In an industry still reeling from the spectacular collapse of THQ, another titan has fallen. After three decades at the head of the game, LucasArts, as a developer, is no more. Since its acquisition by Disney in 2012, all game development has ground to a halt, until finally Disney announced that, going forward, LucasArts will exist purely to manage the licensing of games in
Star Wars and other LucasArts franchises. This is the end of an era, a death knell for the studio's grand history of
Star Wars titles and other great adventure games...
... oh wait, no it isn't. For the longest time the great
Star Wars games have been licensed out anyway. Travellers Tales gave us
LEGO Star Wars, Bioware and Obsidian gave us
KOTOR. We got
Empire at War from Petroglyph, and my beloved
Battlefront from Pandemic.

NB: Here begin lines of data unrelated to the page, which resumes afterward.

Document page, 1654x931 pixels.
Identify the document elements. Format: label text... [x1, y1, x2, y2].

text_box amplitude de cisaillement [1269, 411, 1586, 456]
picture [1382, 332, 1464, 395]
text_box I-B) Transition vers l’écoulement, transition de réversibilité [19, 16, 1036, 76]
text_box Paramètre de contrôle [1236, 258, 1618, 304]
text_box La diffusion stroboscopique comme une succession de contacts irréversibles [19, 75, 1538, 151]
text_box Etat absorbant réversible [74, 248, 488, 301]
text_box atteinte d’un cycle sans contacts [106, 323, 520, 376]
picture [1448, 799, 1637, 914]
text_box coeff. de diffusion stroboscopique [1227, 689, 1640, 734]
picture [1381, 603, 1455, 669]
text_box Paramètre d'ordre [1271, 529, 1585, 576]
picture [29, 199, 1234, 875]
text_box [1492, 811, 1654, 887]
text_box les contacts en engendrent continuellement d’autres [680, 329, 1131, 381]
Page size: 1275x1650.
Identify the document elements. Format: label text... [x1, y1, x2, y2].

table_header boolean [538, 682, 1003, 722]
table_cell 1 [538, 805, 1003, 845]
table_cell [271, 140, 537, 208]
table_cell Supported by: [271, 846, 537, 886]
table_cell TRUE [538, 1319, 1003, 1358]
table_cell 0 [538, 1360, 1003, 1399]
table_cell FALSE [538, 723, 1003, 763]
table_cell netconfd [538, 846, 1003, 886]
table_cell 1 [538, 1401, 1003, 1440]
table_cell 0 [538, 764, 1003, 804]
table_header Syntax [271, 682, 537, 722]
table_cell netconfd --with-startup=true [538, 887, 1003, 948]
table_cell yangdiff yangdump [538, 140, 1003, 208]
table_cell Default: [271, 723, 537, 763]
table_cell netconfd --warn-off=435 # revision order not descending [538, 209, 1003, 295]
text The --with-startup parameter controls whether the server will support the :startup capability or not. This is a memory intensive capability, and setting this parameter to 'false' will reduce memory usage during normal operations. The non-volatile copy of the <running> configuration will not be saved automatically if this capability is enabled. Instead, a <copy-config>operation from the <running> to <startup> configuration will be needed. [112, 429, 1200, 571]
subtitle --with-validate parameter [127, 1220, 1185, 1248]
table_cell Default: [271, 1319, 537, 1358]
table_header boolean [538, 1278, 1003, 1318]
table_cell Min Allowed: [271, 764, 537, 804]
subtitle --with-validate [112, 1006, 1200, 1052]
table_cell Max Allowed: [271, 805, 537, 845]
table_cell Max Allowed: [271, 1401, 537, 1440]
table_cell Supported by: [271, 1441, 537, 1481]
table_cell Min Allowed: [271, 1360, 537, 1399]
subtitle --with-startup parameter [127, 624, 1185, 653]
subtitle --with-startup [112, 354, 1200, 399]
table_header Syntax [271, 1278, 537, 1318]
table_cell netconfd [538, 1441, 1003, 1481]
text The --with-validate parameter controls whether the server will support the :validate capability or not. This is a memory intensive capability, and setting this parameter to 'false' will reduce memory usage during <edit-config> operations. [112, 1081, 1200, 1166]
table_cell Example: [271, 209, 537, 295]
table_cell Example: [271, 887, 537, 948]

Of the games LucasArts itself has made, in recent memory there is only the
Force Unleashed, which went from mediocre to downright bad in the second game. Before that, the last properly good
Star Wars game from LucasArts was
Republic Commando. In 2005. I wasn't even in high school! The simple fact is that licensing is how good
Star Wars has been done for a long time, so on that front nothing is really changed.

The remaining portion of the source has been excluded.